Forscher präsentieren neues Konzept für Warp-Antrieb

Geschrieben am 10.12.2025
von Andreas Müller

Houston (USA) – Während der sogenannte Warp-Antrieb den meisten vermutlich nur aus Star Trek bekannt sein dürfte, sind einige Physiker schon seit Jahrzehnten auf der Suche nach tatsächlichen Ansätzen für das Reisen mit Licht- bzw. Überlichtgeschwindigkeit. Ein US-Forscher hat nun ein neues theoretisches Konzept vorgestellt.

Eine klassische Warp-Blase (l.) erscheint als glatte, kugelförmige Struktur. Das neue Design (r.) teilt die Energie dagegen in mehrere getrennte, zylinderförmige Röhren auf, die an kleine Antriebsgondeln mit verjüngten Enden erinnern. Dadurch lässt sich gezielt steuern, wo und wie die Energie eingesetzt wird, statt sie in einem einzigen großen, diffusen Ring zu bündeln Quelle/Copyright: White et al., Classical and Quantum Gravity, 2025.

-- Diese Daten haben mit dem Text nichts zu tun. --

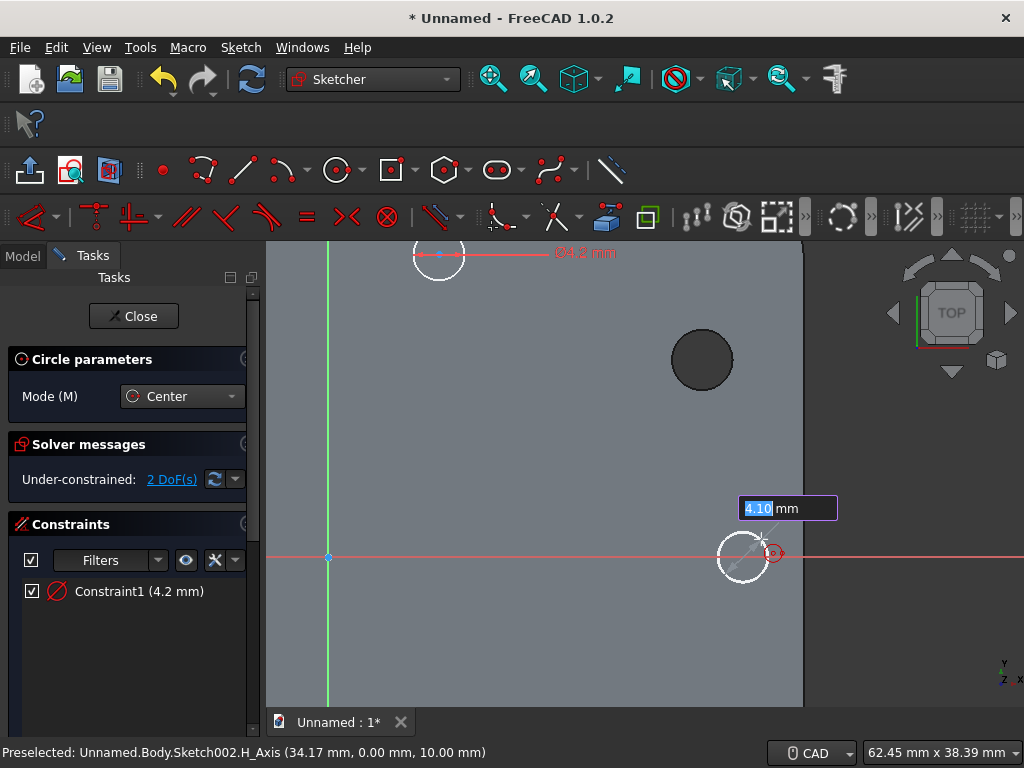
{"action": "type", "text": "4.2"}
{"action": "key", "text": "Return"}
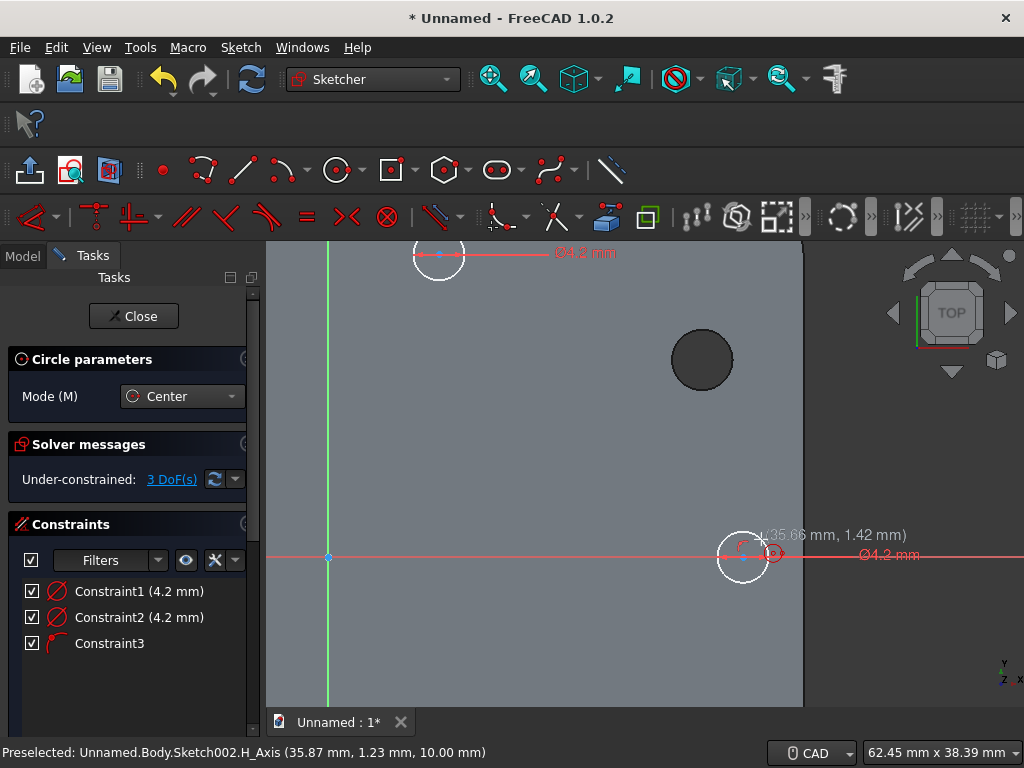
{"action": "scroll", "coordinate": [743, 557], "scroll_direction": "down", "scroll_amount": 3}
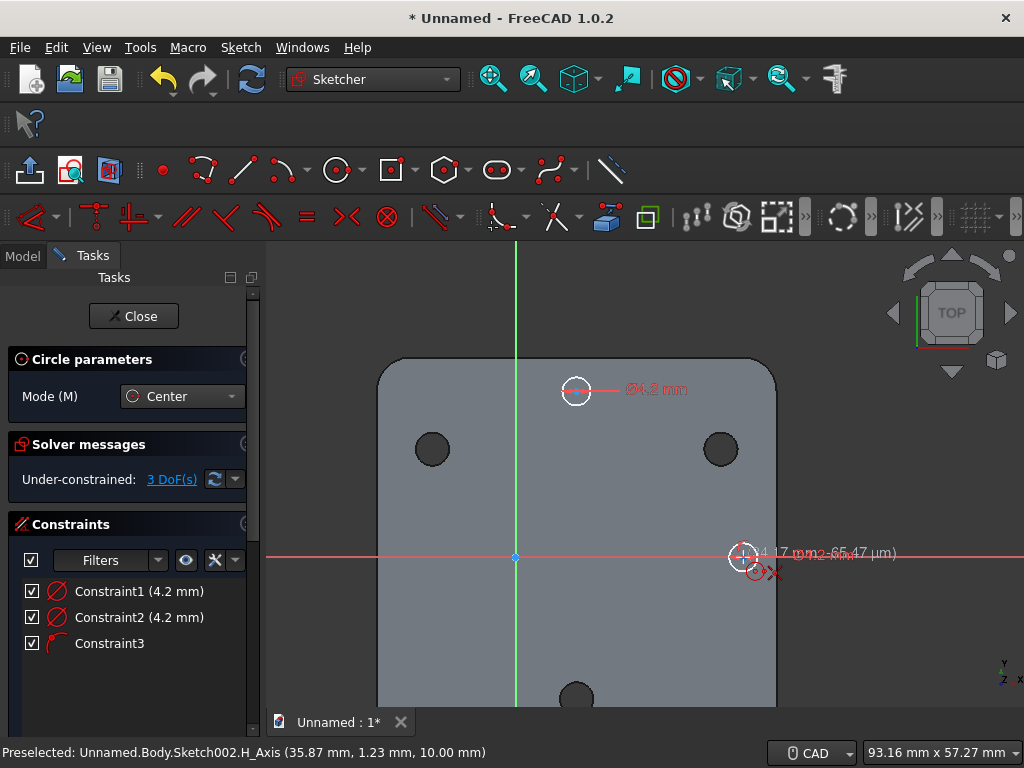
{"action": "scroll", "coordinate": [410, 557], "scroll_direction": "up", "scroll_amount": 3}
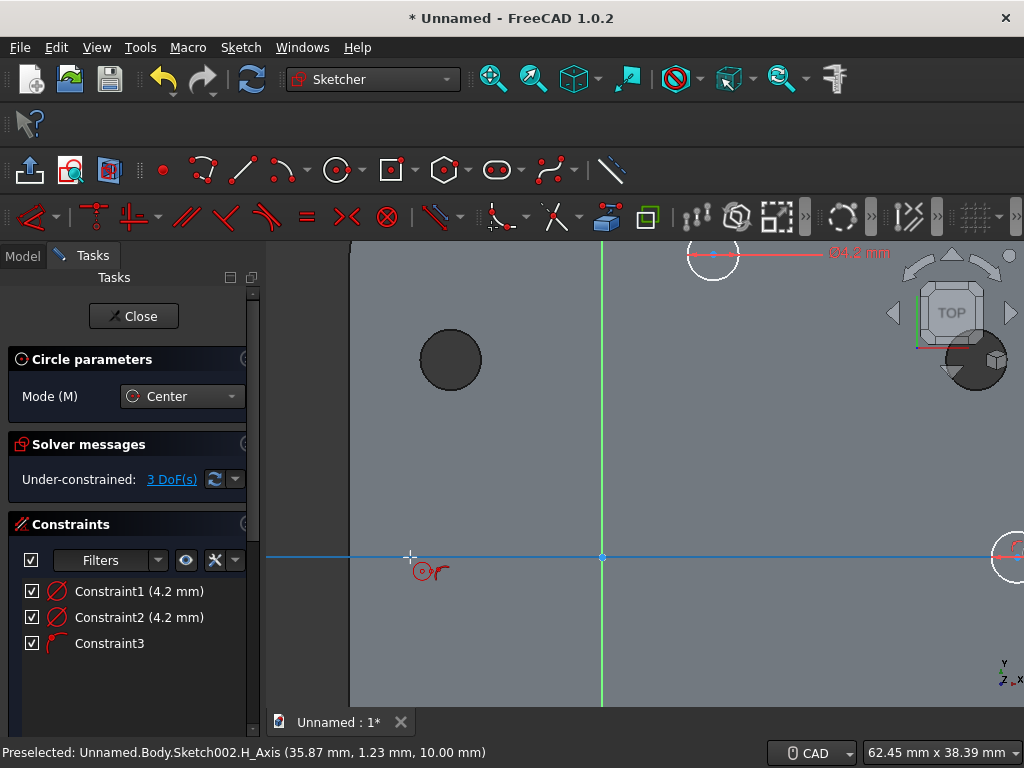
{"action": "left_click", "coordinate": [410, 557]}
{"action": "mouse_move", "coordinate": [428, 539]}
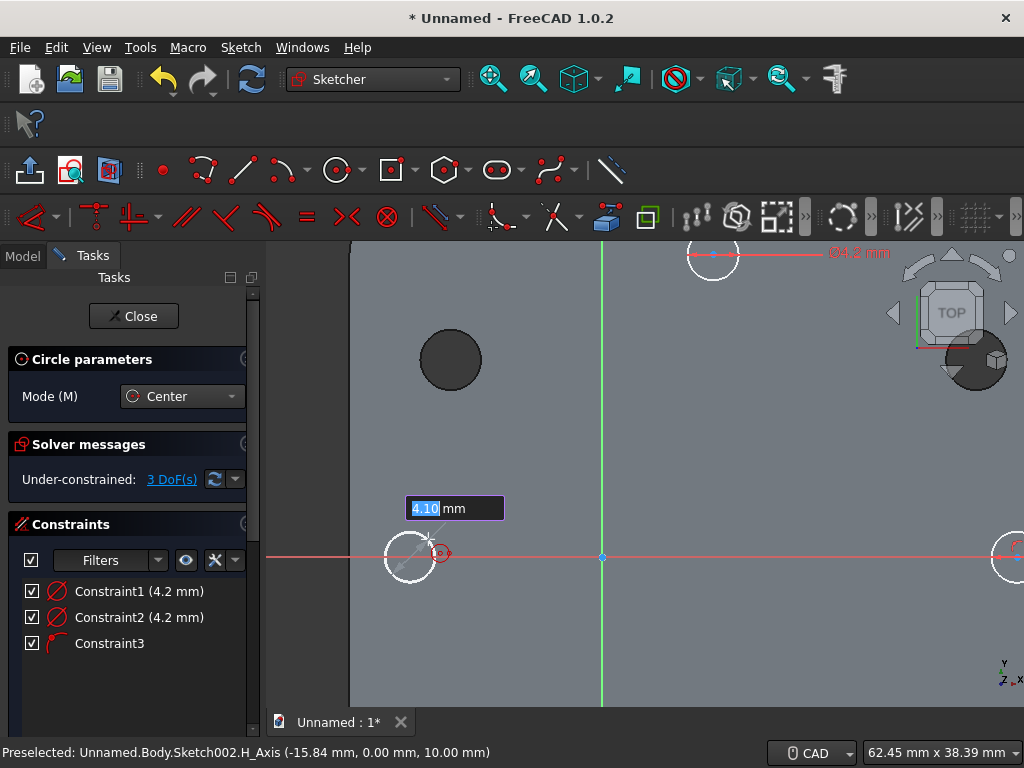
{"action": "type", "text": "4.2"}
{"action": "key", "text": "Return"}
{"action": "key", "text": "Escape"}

Wie das Team um den ehemaligen NASA-Physiker und -Raumfahrtingenieur Harold „Sonny“ White aktuell im Fachjournal „Classical and Quantum Gravity“ (DOI: 10.1088/1361-6382/ae237a) erläutert, basiert sein neues theoretisches Warp-Drive-Modell statt auf einem geschlossenen Energiering, wie er in bisherigen Konzepten zur Verzerrung der Raum-Zeit angedacht wurde, auf einer segmentierten Geometrie aus zylinderförmigen Energiekanälen. Mittels mehrerer getrennte „Warp-Nacelles“ soll der neue Ansatz technisch kontrollierbarer und potenziell sicherer sein.

Sci-Fi trifft auf Physik

Die Grundlagen des Warp-Antriebs gehen auf das Jahr 1994 zurück, als der mexikanische Physiker Miguel Alcubierre erstmals ein mathematisch konsistentes Modell für Überlichtgeschwindigkeit innerhalb der Allgemeinen Relativitätstheorie vorlegte. Sein Konzept sieht vor, den Raum vor einem Raumschiff zu stauchen und hinter ihm wieder auszudehnen, sodass sich das Objekt selbst lokal nicht schneller als Licht bewegt. Statt also das Raumschiff zu bewegen, wird der Raum um das Raumschoff herum geführt. Der Preis dafür ist jedoch extrem hoch: Das Modell erfordert sogenannte exotische Materie mit negativer Energiedichte sowie enorme, bis auf Weiteres mit uns bekannten Methoden nicht erreichbare Energiemengen.

White, der lange Zeit als einziger Forscher offiziell für die NASA an Warp-Konzepten gearbeitet hat, reduzierte in früheren Arbeiten bereits die nötigen Energiemengen rechnerisch erheblich. Nun geht er einen Schritt weiter und verändert die geometrische Struktur der erzeugten Warp-Blase (die das Schiff umgeben würde) selbst. In der neuen Studie, wird der klassische, glatte Warp-Ring durch mehrere getrennte, zylinderförmige Energiekanäle ersetzt.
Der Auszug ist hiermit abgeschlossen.